→ DATA FOR REVIEW:
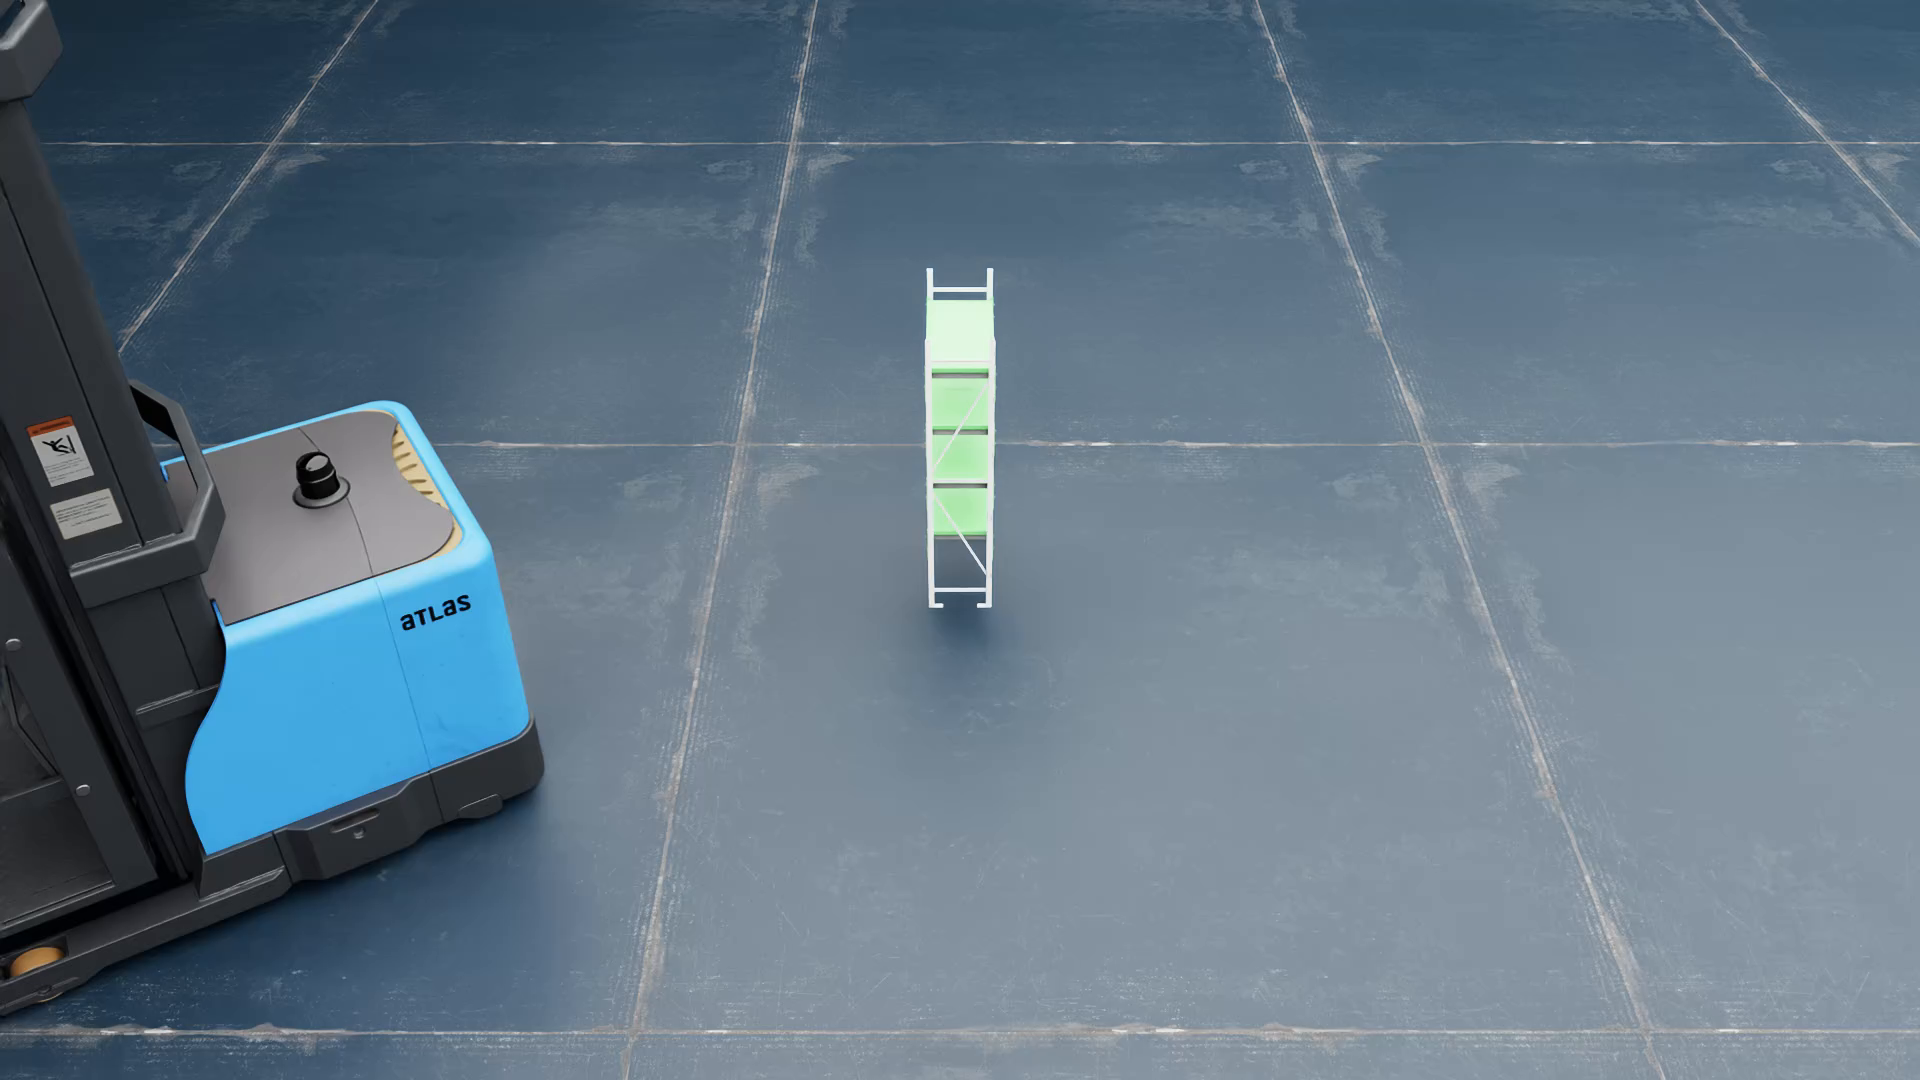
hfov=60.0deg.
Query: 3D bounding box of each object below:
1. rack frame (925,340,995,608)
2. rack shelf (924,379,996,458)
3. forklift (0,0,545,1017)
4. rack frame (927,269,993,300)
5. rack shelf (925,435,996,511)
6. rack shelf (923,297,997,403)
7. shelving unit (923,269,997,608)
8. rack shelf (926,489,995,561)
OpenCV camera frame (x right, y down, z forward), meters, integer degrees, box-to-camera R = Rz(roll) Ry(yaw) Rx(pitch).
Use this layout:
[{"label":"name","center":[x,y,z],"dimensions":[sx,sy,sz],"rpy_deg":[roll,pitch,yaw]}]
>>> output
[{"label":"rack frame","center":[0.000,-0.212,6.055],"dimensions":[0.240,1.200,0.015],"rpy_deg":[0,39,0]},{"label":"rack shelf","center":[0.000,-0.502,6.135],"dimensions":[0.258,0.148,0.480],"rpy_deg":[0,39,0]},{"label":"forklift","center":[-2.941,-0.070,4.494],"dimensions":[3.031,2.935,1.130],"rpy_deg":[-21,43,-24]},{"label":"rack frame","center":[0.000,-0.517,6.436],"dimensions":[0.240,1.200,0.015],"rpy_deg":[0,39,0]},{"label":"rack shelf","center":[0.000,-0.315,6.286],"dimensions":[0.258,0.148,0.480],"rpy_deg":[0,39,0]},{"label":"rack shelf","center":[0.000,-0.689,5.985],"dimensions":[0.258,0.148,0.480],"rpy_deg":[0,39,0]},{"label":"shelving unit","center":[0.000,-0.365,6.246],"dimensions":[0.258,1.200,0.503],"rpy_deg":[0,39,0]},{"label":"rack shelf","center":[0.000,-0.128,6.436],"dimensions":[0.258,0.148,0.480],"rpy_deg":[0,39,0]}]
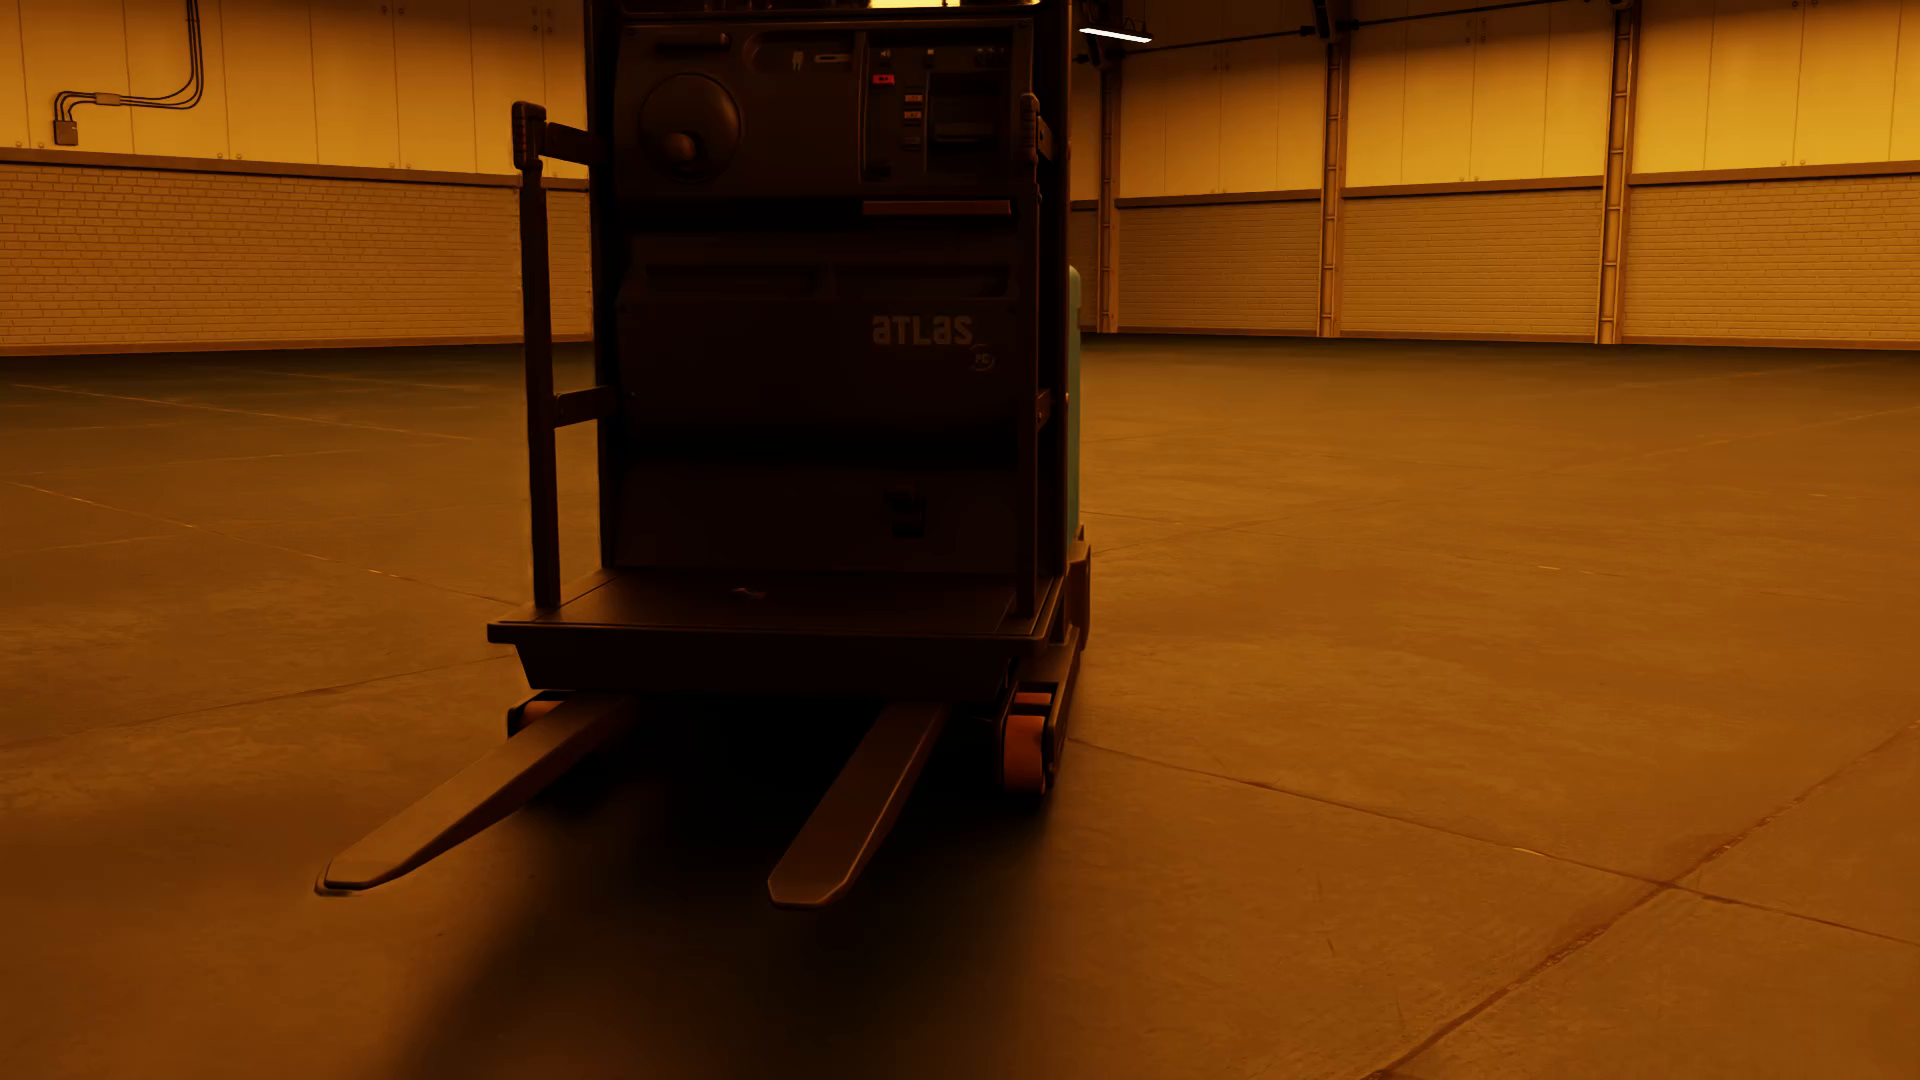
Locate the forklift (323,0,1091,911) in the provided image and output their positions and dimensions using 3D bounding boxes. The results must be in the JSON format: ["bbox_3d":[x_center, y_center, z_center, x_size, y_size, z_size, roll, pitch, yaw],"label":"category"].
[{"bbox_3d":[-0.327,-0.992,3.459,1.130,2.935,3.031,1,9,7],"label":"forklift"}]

--

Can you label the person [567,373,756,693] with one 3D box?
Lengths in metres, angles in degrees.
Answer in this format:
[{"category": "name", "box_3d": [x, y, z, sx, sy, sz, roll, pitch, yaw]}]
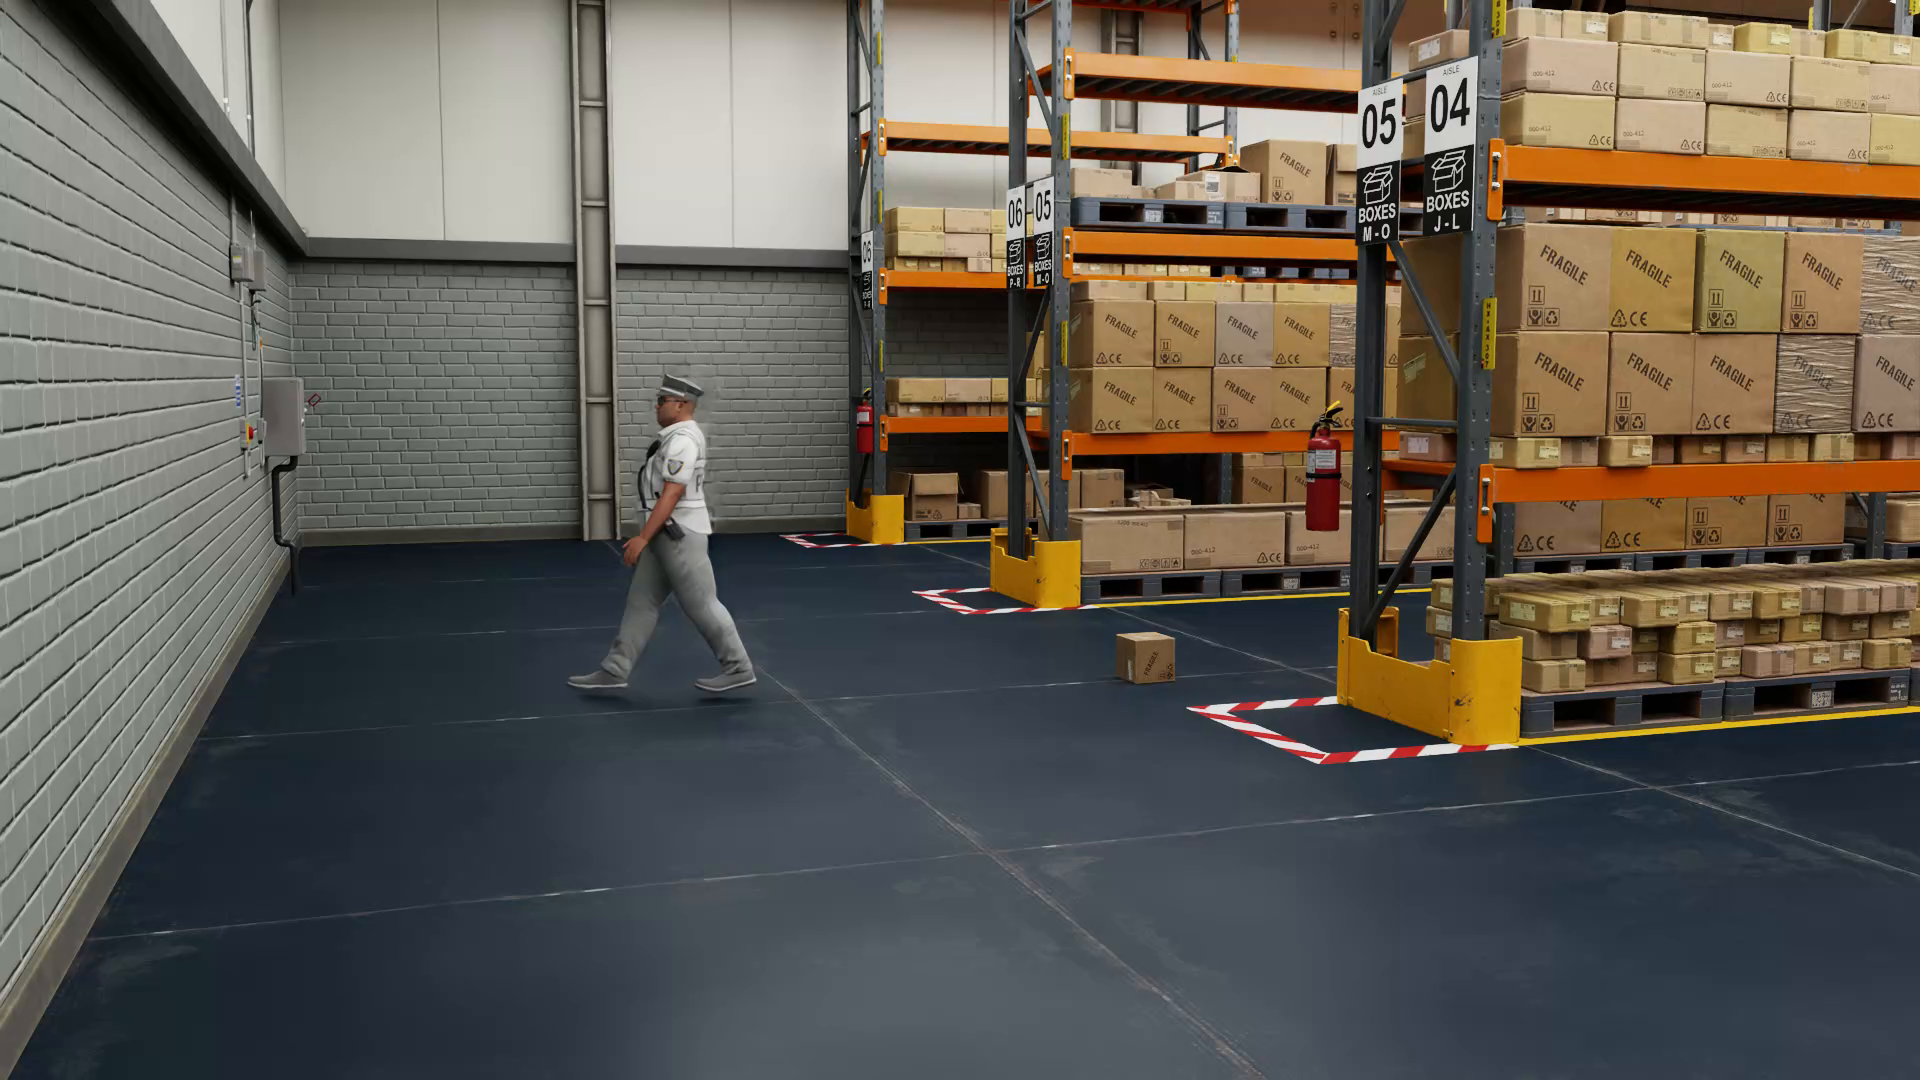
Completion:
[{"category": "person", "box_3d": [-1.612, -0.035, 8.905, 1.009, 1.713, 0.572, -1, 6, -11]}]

→ EXERCISE DETAILS:
Whenever a line in the material contains the word "degrees", copy that line.

→ FINAL ANSWER:
OpenCV camera frame (x right, y down, z forward), meters, integer degrees, box-to-camera R = Rz(roll) Ry(yaw) Rx(pitch).
Lengths in metres, angles in degrees.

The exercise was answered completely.